Blog

Root Cause Analysis

Investigating in Brazil
David Ramsay

Root Case Analysis is one of the most misunderstood terms. So many companies and individuals request Root Cause Analysis (RCA) training when what they actually mean is that they would like to learn how to investigate incidents, accidents and failures.

This point was reinforced for me when recently visiting an oil and gas sector company in the USA. The safety professionals in this large organisation used a competing methodology to TOP-SET®, which they described as a Root Cause Analysis tool. They said that they didn't have an investigation system. In my view, they were quite correct; there is a major difference between doing a full investigation to gather all of the facts followed by an analysis, and going straight to the RCA without all of the necessary information. If you do that, you can have no confidence in the results and in the subsequent recommendations.

Also, quite recently, I have seen very large and detailed engineering fault trees based on 'What if' scenarios. Sadly the person who commissioned these had confused them with RCA diagrams that he actually needed.  He needed RCAs based on the facts rather than the possibilities.

In the view of all of my senior investigation team, the most difficult part of the RCA is getting started. This starting point is the identification of the immediate causes. Once these are in place every other step seems to follow quite easily. However, get these wrong, then the whole diagram and associated recommendations will also be incorrect.

Some of our lead investigators use the term 'Loss of Control' to help them identify the immediate causes. What they are really doing is asking themselves the question 'What were the factors, from the information that I already have, that caused control of the situation to be lost?'

If we use the sad but common example of a young person (usually a male) who is killed by crashing his car, you will find that he lost control of his vehicle by the common factors of 'lack of experience' and 'excessive speed in the prevailing conditions' - these are the immediate causes. You can apply the same approach in many situations. In one industrial investigation, I started from the position of process control being lost to help me establish the immediate causes.

Probably a better term to use than immediate cause, is 'Active Failure' as this leads you to consider what activity or activities occurred to enable the incident to happen. There always has to be an action.

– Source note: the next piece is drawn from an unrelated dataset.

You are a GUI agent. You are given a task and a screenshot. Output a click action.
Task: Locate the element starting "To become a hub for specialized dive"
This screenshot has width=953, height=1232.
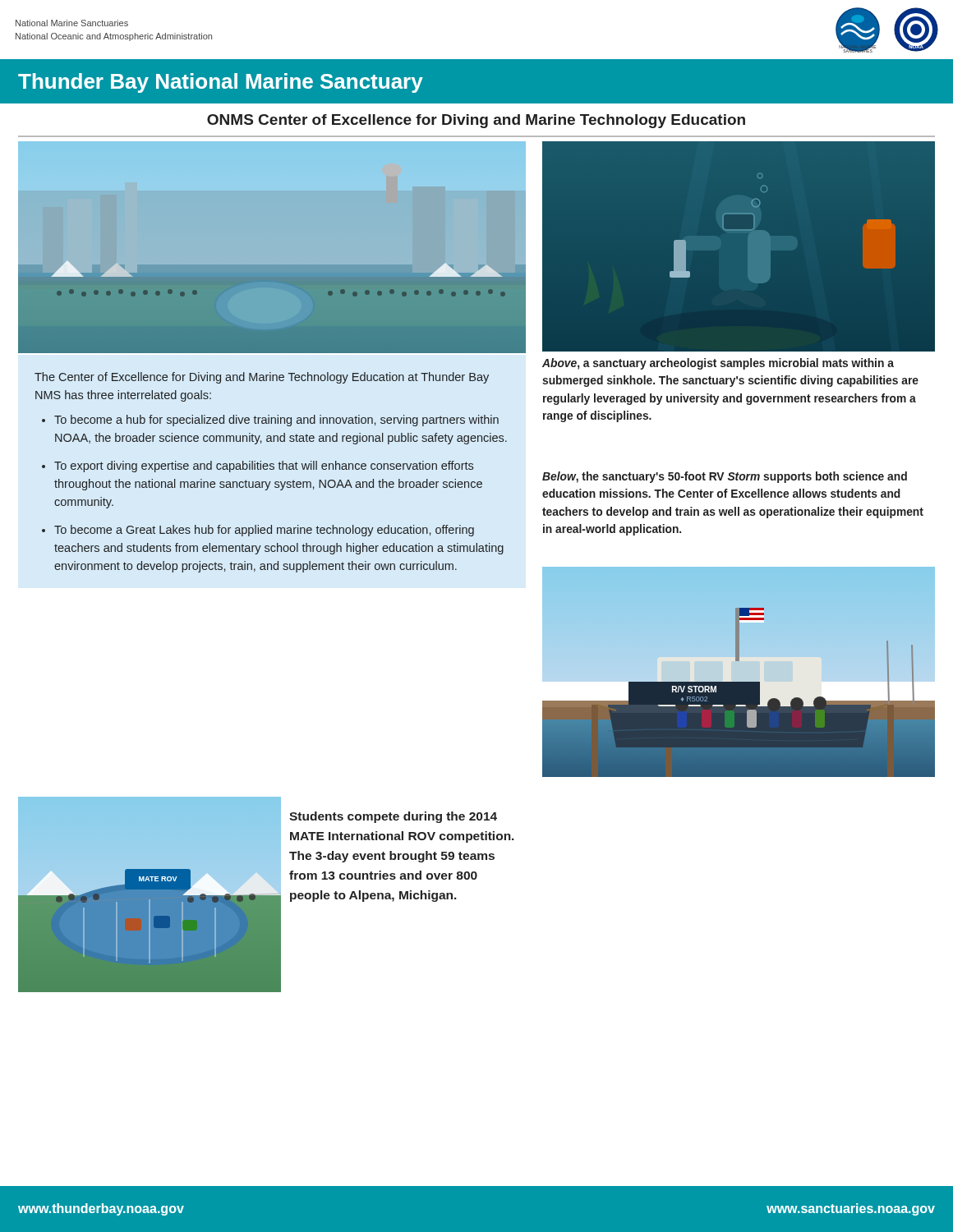(x=281, y=429)
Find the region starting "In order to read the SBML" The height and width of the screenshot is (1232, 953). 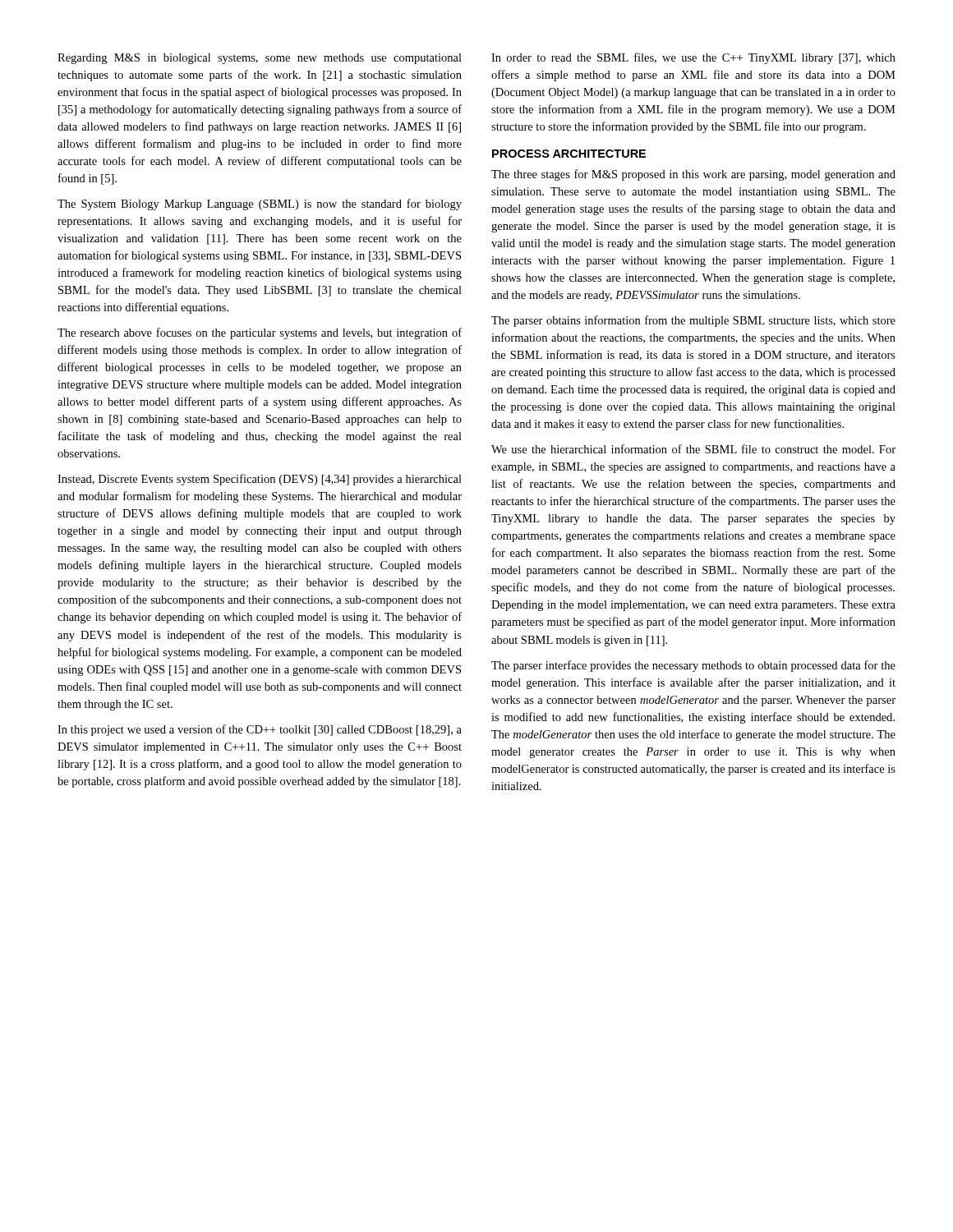click(x=693, y=92)

Consider one of the most frequent incidents that we hear about - person hit by a falling object. We will find that we have 'the falling object or load' and 'the person standing or working under the load'. Both of these are active events without which the incident could not have occurred. Take one away and that particular incident becomes impossible.

Two of us were investigating an incident where a pleasure craft had an engine failure at sea. It took a lot of effort to not just focus on the engine failure and instead to consider that the real incident was the risk to life from being in a drifting boat. By focusing on the engine failure only, we omitted another crucial aspect of the incident, and that was the lack of any alternative propulsion unit on the boat. The Active Failures were then seen as 'Engine Failure' and 'Loss of Propulsion'. This enabled us to explore and illustrate what steps led to the failures and what would have prevented them occurring.

It perhaps useful to think of an RCA as a 'Logic Flow Diagram' where one step follows logically from another. Ideally your diagram should enable the reader to understand precisely what happened without reference to any other document. Of course it is necessary to have a full report, but a well presented RCA with competent recommendations can often be all that a senior manager will actually read.

The next level down in the RCA is 'Underlying Causes'. Another way of thinking of these is that they were the 'General Conditions' that enabled the incident to occur. The causes are usually expressed as a short series of interdependent facts. Using one of the 'Active Failures' from the above boat example:
Loss of propulsion. Why? No backup engine. Why? Owner's decision. Why? Shortage of storage space for outboard engine and Weight concerns.

For anyone who has ever done factory, ship or oil rig visits, the idea of 'General Conditions' is fairly easy to understand. What you see are the indicators of how the operation is being run and hence the likelihood of it being a good, bad or safe operation, e.g. just think of the clue that poor housekeeping gives you.

Root Causes are what lie at the heart of the problem. This is what allowed the situation to arise in the first place and this will be in the areas of People and Organisation. It is here that the actions, or more often inactions, that led to the 'General Conditions' can be found. It is these Root Causes and General Conditions that enabled the incident to occur. Returning to the failed propulsion in the pleasure boat example, the Root Cause was that the owner valued speed, space and performance above safety at sea.

Some words of warning. Do be rigorous in identifying the 'Root Cause'. Everything can come down to management, but try to be specific. Also don't be seduced into thinking that because you have identified the technical failures you have found the 'Root Cause'; you haven't. Please recognise that this must be somewhere in the People and Organisational sectors.

As in all parts of the investigation do your preparatory work on paper by using 'Stickies' or 'Post its' before entering it in the computer as this will enable sharing and discussion with your team. This is an essential component in any investigation and subsequent analysis.

The final step is to write the recommendations or S.M.A.R.T. Actions and these should be tied back to specific facts on the RCA. For those of you using our 'Investigator 3' software there is a specific number-tagging element that links the RCA to the recommendations in the final report.